Records drawn from a dataset:
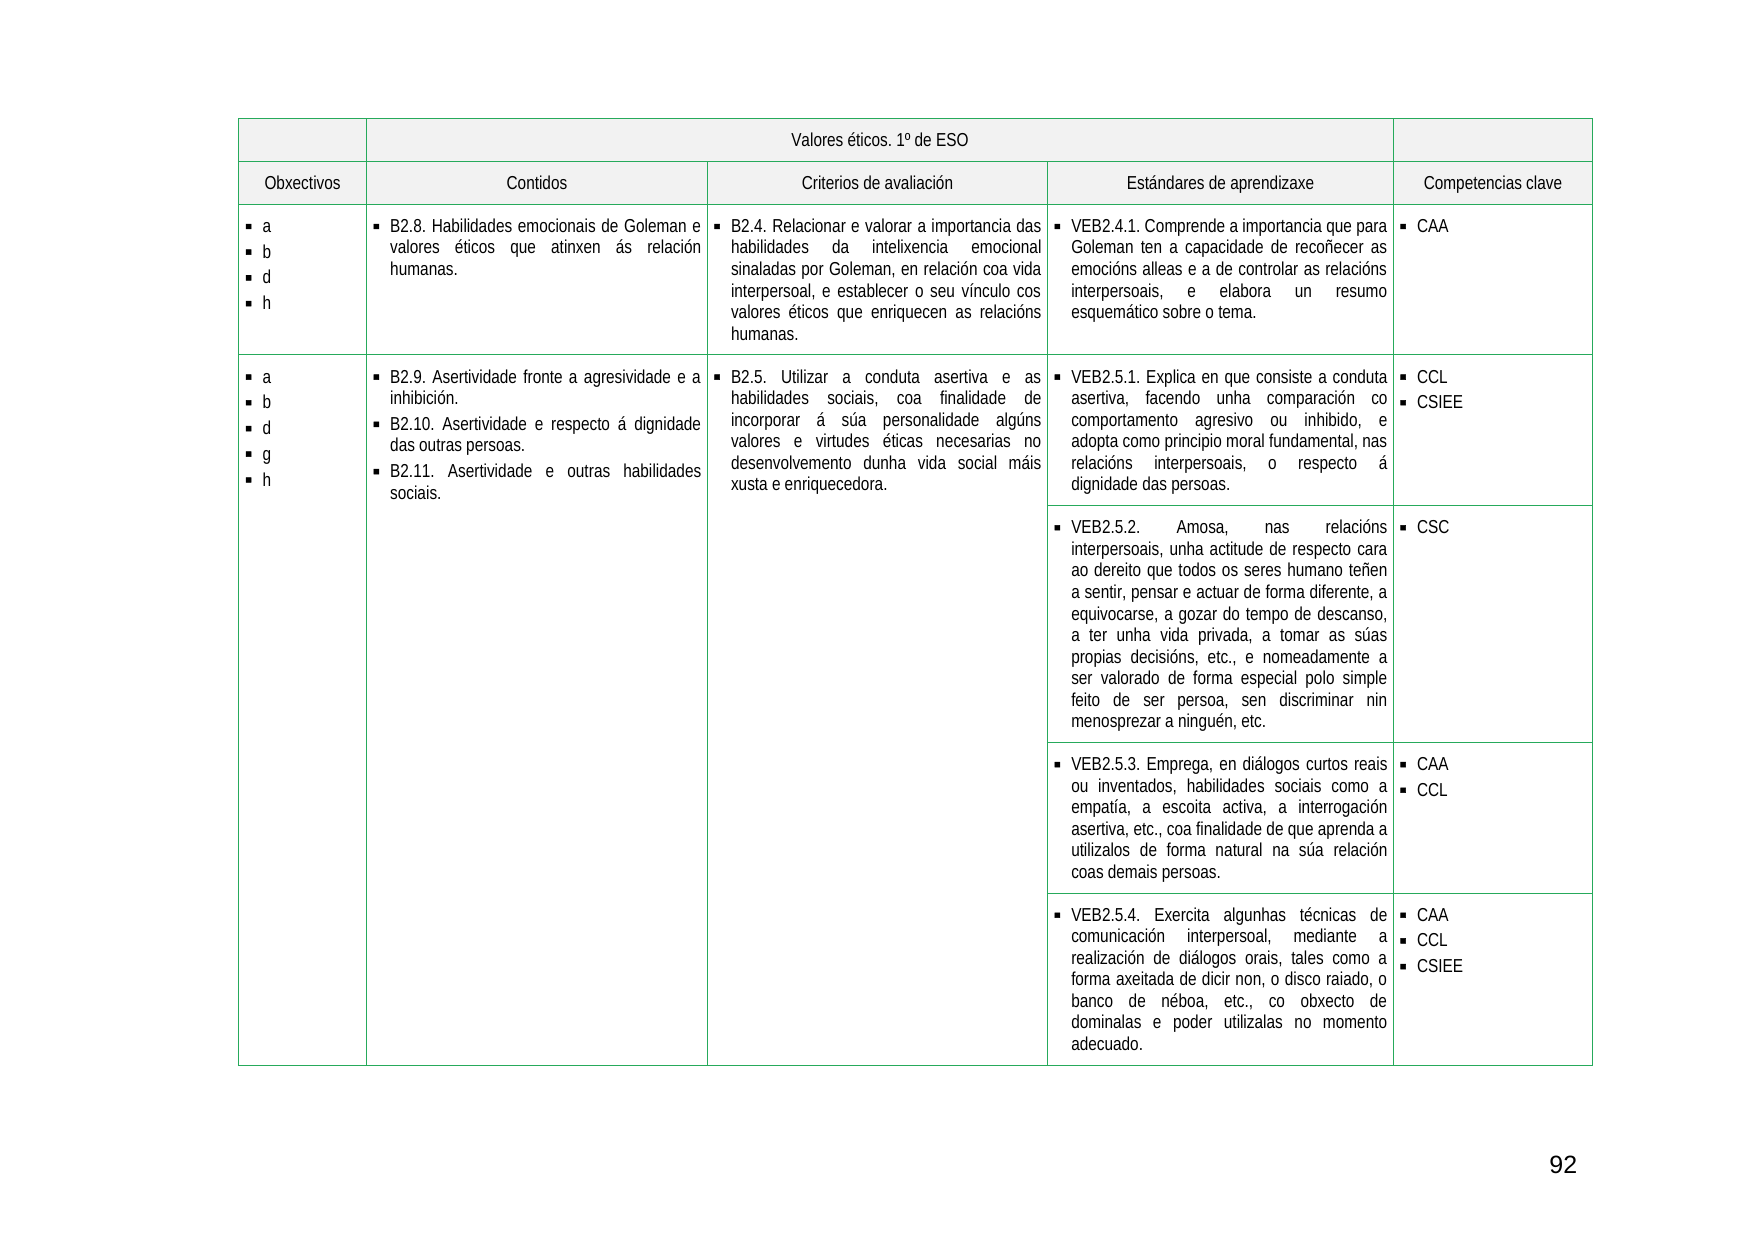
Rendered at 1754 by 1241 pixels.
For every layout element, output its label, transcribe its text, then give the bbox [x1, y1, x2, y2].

table_cell Criterios de avaliación [708, 162, 1047, 204]
table_cell B2.8. Habilidades emocionais de Goleman e valores éticos que atinxen ás relación humanas. [367, 205, 707, 354]
table_cell B2.9. Asertividade fronte a agresividade e a inhibición. B2.10. Asertividade e respecto á dignidade das outras persoas. B2.11. Asertividade e outras habilidades sociais. [367, 355, 707, 1065]
table_header [1394, 119, 1592, 161]
table_cell a b d h [239, 205, 366, 354]
table_cell CAA CCL CSIEE [1394, 894, 1592, 1065]
table_cell B2.4. Relacionar e valorar a importancia das habilidades da intelixencia emocional sinaladas por Goleman, en relación coa vida interpersoal, e establecer o seu vínculo cos valores éticos que enriquecen as relacións humanas. [708, 205, 1047, 354]
table_cell VEB2.5.4. Exercita algunhas técnicas de comunicación interpersoal, mediante a realización de diálogos orais, tales como a forma axeitada de dicir non, o disco raiado, o banco de néboa, etc., co obxecto de dominalas e poder utilizalas no momento adecuado. [1048, 894, 1393, 1065]
table_cell VEB2.5.1. Explica en que consiste a conduta asertiva, facendo unha comparación co comportamento agresivo ou inhibido, e adopta como principio moral fundamental, nas relacións interpersoais, o respecto á dignidade das persoas. [1048, 355, 1393, 505]
table_cell Estándares de aprendizaxe [1048, 162, 1393, 204]
table_header [239, 119, 366, 161]
table_cell VEB2.5.3. Emprega, en diálogos curtos reais ou inventados, habilidades sociais como a empatía, a escoita activa, a interrogación asertiva, etc., coa finalidade de que aprenda a utilizalos de forma natural na súa relación coas demais persoas. [1048, 743, 1393, 892]
table_cell B2.5. Utilizar a conduta asertiva e as habilidades sociais, coa finalidade de incorporar á súa personalidade algúns valores e virtudes éticas necesarias no desenvolvemento dunha vida social máis xusta e enriquecedora. [708, 355, 1047, 1065]
table_header Valores éticos. 1º de ESO [367, 119, 1393, 161]
table_cell Obxectivos [239, 162, 366, 204]
table_cell CCL CSIEE [1394, 355, 1592, 505]
table_cell CSC [1394, 506, 1592, 742]
table_cell CAA [1394, 205, 1592, 354]
table_cell Contidos [367, 162, 707, 204]
table_cell CAA CCL [1394, 743, 1592, 892]
table_cell a b d g h [239, 355, 366, 1065]
table_cell Competencias clave [1394, 162, 1592, 204]
table_cell VEB2.4.1. Comprende a importancia que para Goleman ten a capacidade de recoñecer as emocións alleas e a de controlar as relacións interpersoais, e elabora un resumo esquemático sobre o tema. [1048, 205, 1393, 354]
table_cell VEB2.5.2. Amosa, nas relacións interpersoais, unha actitude de respecto cara ao dereito que todos os seres humano teñen a sentir, pensar e actuar de forma diferente, a equivocarse, a gozar do tempo de descanso, a ter unha vida privada, a tomar as súas propias decisións, etc., e nomeadamente a ser valorado de forma especial polo simple feito de ser persoa, sen discriminar nin menosprezar a ninguén, etc. [1048, 506, 1393, 742]
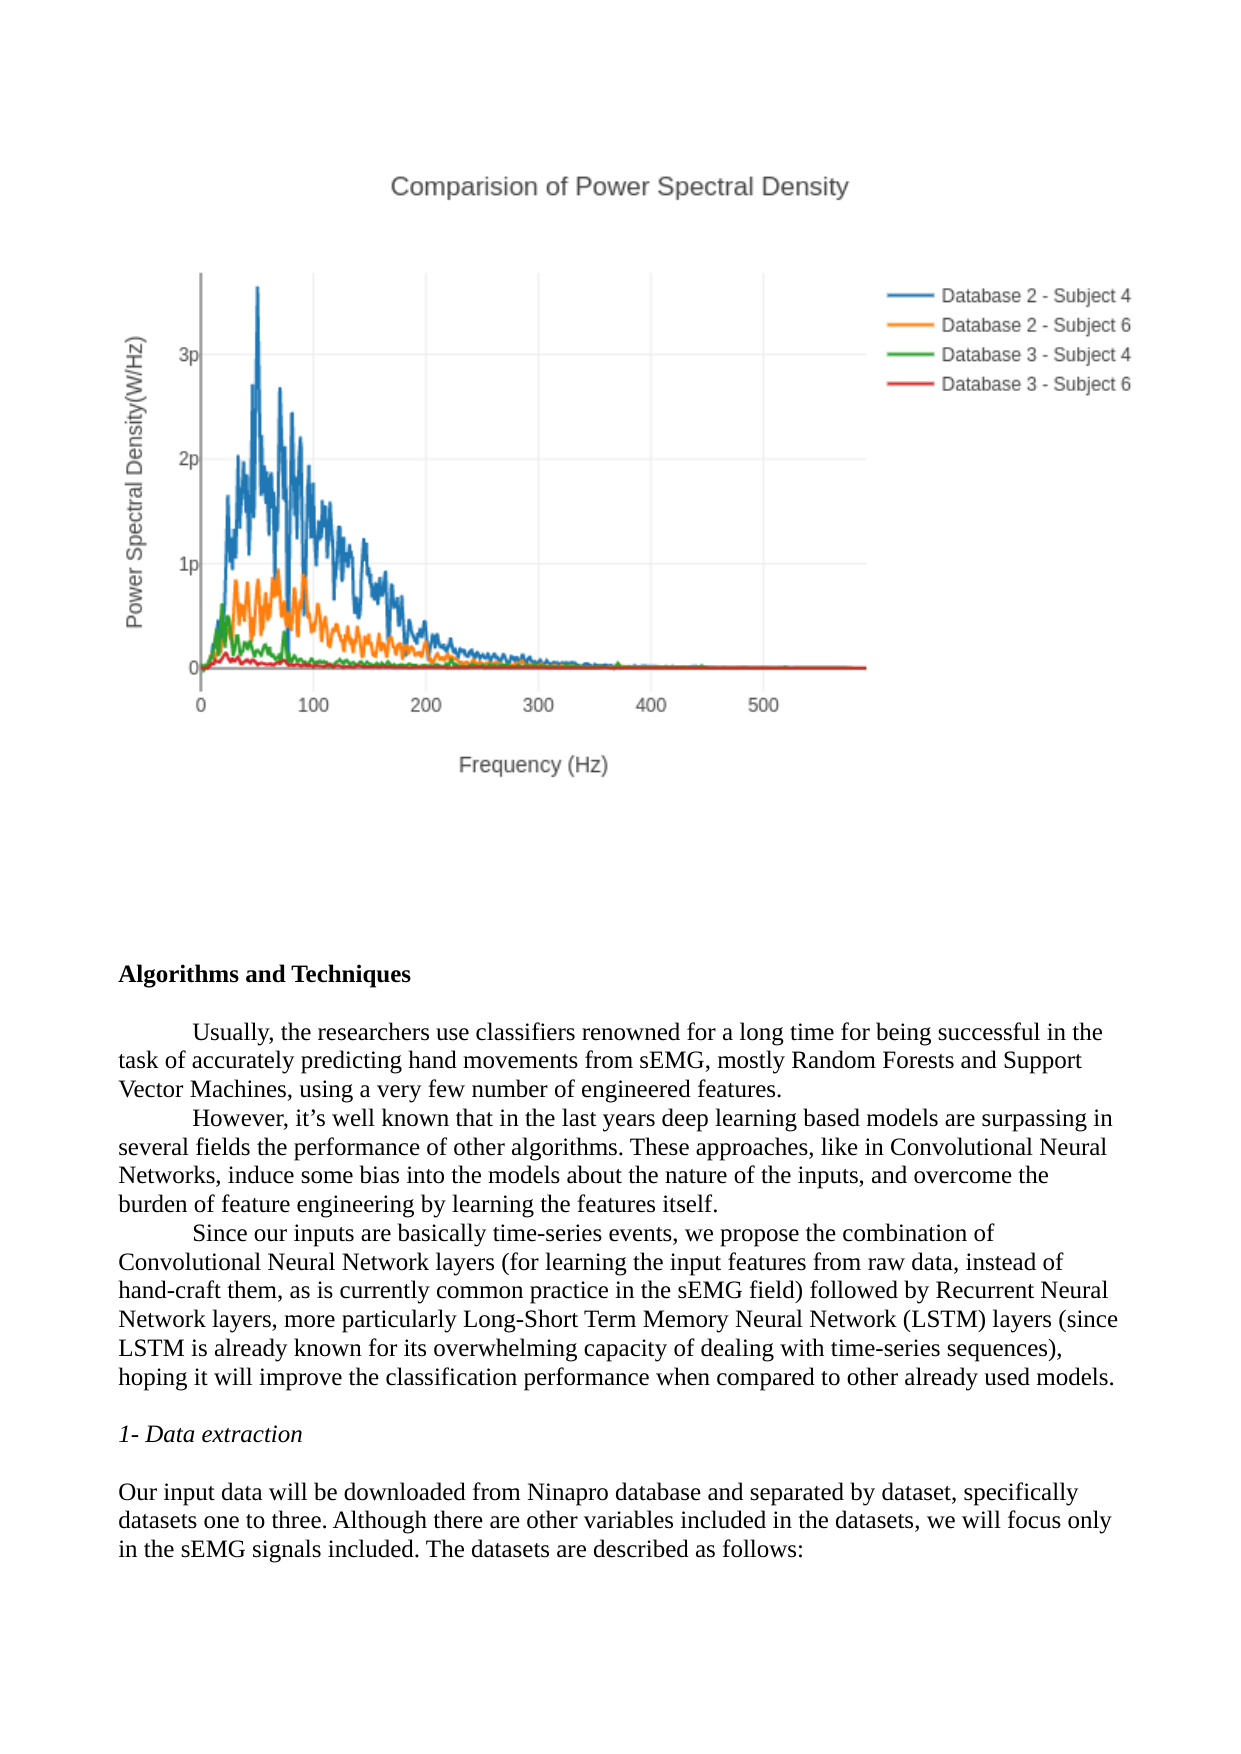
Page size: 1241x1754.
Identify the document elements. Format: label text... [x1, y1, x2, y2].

text However, it’s well known that in the last years deep learning based models are surpassing in several fields the performance of other algorithms. These approaches, like in Convolutional Neural Networks, induce some bias into the models about the nature of the inputs, and overcome the burden of feature engineering by learning the features itself. [118, 1103, 1122, 1218]
text Since our inputs are basically time-series events, we propose the combination of Convolutional Neural Network layers (for learning the input features from raw data, instead of hand-craft them, as is currently common practice in the sEMG field) followed by Recurrent Neural Network layers, more particularly Long-Short Term Memory Neural Network (LSTM) layers (since LSTM is already known for its overwhelming capacity of dealing with time-series sequences), hoping it will improve the classification performance when compared to other already used models. [118, 1218, 1122, 1390]
picture [77, 118, 1163, 816]
text Usually, the researchers use classifiers renowned for a long time for being successful in the task of accurately predicting hand movements from sEMG, mostly Random Forests and Support Vector Machines, using a very few number of engineered features. [118, 1017, 1122, 1103]
text Our input data will be downloaded from Ninapro database and separated by dataset, specifically datasets one to three. Although there are other variables included in the datasets, we will focus only in the sEMG signals included. The datasets are described as follows: [118, 1477, 1122, 1563]
text Algorithms and Techniques [118, 959, 1122, 988]
text 1- Data extraction [118, 1419, 1122, 1448]

◆ Activity: Write each entry again exactly, minus any images.

◆ Solution for this exercise:
Rendered at 1754 by 1241 pixels.
For every layout element, output its label, transcribe its text, then give the bbox [x1, y1, x2, y2].

table_cell Criterios de avaliación [708, 162, 1047, 204]
table_cell B2.8. Habilidades emocionais de Goleman e valores éticos que atinxen ás relación humanas. [367, 205, 707, 354]
table_cell B2.9. Asertividade fronte a agresividade e a inhibición. B2.10. Asertividade e respecto á dignidade das outras persoas. B2.11. Asertividade e outras habilidades sociais. [367, 355, 707, 1065]
table_header [1394, 119, 1592, 161]
table_cell a b d h [239, 205, 366, 354]
table_cell CAA CCL CSIEE [1394, 894, 1592, 1065]
table_cell B2.4. Relacionar e valorar a importancia das habilidades da intelixencia emocional sinaladas por Goleman, en relación coa vida interpersoal, e establecer o seu vínculo cos valores éticos que enriquecen as relacións humanas. [708, 205, 1047, 354]
table_cell VEB2.5.4. Exercita algunhas técnicas de comunicación interpersoal, mediante a realización de diálogos orais, tales como a forma axeitada de dicir non, o disco raiado, o banco de néboa, etc., co obxecto de dominalas e poder utilizalas no momento adecuado. [1048, 894, 1393, 1065]
table_cell VEB2.5.1. Explica en que consiste a conduta asertiva, facendo unha comparación co comportamento agresivo ou inhibido, e adopta como principio moral fundamental, nas relacións interpersoais, o respecto á dignidade das persoas. [1048, 355, 1393, 505]
table_cell Estándares de aprendizaxe [1048, 162, 1393, 204]
table_header [239, 119, 366, 161]
table_cell VEB2.5.3. Emprega, en diálogos curtos reais ou inventados, habilidades sociais como a empatía, a escoita activa, a interrogación asertiva, etc., coa finalidade de que aprenda a utilizalos de forma natural na súa relación coas demais persoas. [1048, 743, 1393, 892]
table_cell B2.5. Utilizar a conduta asertiva e as habilidades sociais, coa finalidade de incorporar á súa personalidade algúns valores e virtudes éticas necesarias no desenvolvemento dunha vida social máis xusta e enriquecedora. [708, 355, 1047, 1065]
table_header Valores éticos. 1º de ESO [367, 119, 1393, 161]
table_cell Obxectivos [239, 162, 366, 204]
table_cell CCL CSIEE [1394, 355, 1592, 505]
table_cell CSC [1394, 506, 1592, 742]
table_cell CAA [1394, 205, 1592, 354]
table_cell Contidos [367, 162, 707, 204]
table_cell CAA CCL [1394, 743, 1592, 892]
table_cell a b d g h [239, 355, 366, 1065]
table_cell Competencias clave [1394, 162, 1592, 204]
table_cell VEB2.4.1. Comprende a importancia que para Goleman ten a capacidade de recoñecer as emocións alleas e a de controlar as relacións interpersoais, e elabora un resumo esquemático sobre o tema. [1048, 205, 1393, 354]
table_cell VEB2.5.2. Amosa, nas relacións interpersoais, unha actitude de respecto cara ao dereito que todos os seres humano teñen a sentir, pensar e actuar de forma diferente, a equivocarse, a gozar do tempo de descanso, a ter unha vida privada, a tomar as súas propias decisións, etc., e nomeadamente a ser valorado de forma especial polo simple feito de ser persoa, sen discriminar nin menosprezar a ninguén, etc. [1048, 506, 1393, 742]
Page size: 1241x1754.
Identify the document elements. Format: label text... [x1, y1, x2, y2].

text However, it’s well known that in the last years deep learning based models are surpassing in several fields the performance of other algorithms. These approaches, like in Convolutional Neural Networks, induce some bias into the models about the nature of the inputs, and overcome the burden of feature engineering by learning the features itself. [118, 1103, 1122, 1218]
text Since our inputs are basically time-series events, we propose the combination of Convolutional Neural Network layers (for learning the input features from raw data, instead of hand-craft them, as is currently common practice in the sEMG field) followed by Recurrent Neural Network layers, more particularly Long-Short Term Memory Neural Network (LSTM) layers (since LSTM is already known for its overwhelming capacity of dealing with time-series sequences), hoping it will improve the classification performance when compared to other already used models. [118, 1218, 1122, 1390]
picture [77, 118, 1163, 816]
text Usually, the researchers use classifiers renowned for a long time for being successful in the task of accurately predicting hand movements from sEMG, mostly Random Forests and Support Vector Machines, using a very few number of engineered features. [118, 1017, 1122, 1103]
text Our input data will be downloaded from Ninapro database and separated by dataset, specifically datasets one to three. Although there are other variables included in the datasets, we will focus only in the sEMG signals included. The datasets are described as follows: [118, 1477, 1122, 1563]
text Algorithms and Techniques [118, 959, 1122, 988]
text 1- Data extraction [118, 1419, 1122, 1448]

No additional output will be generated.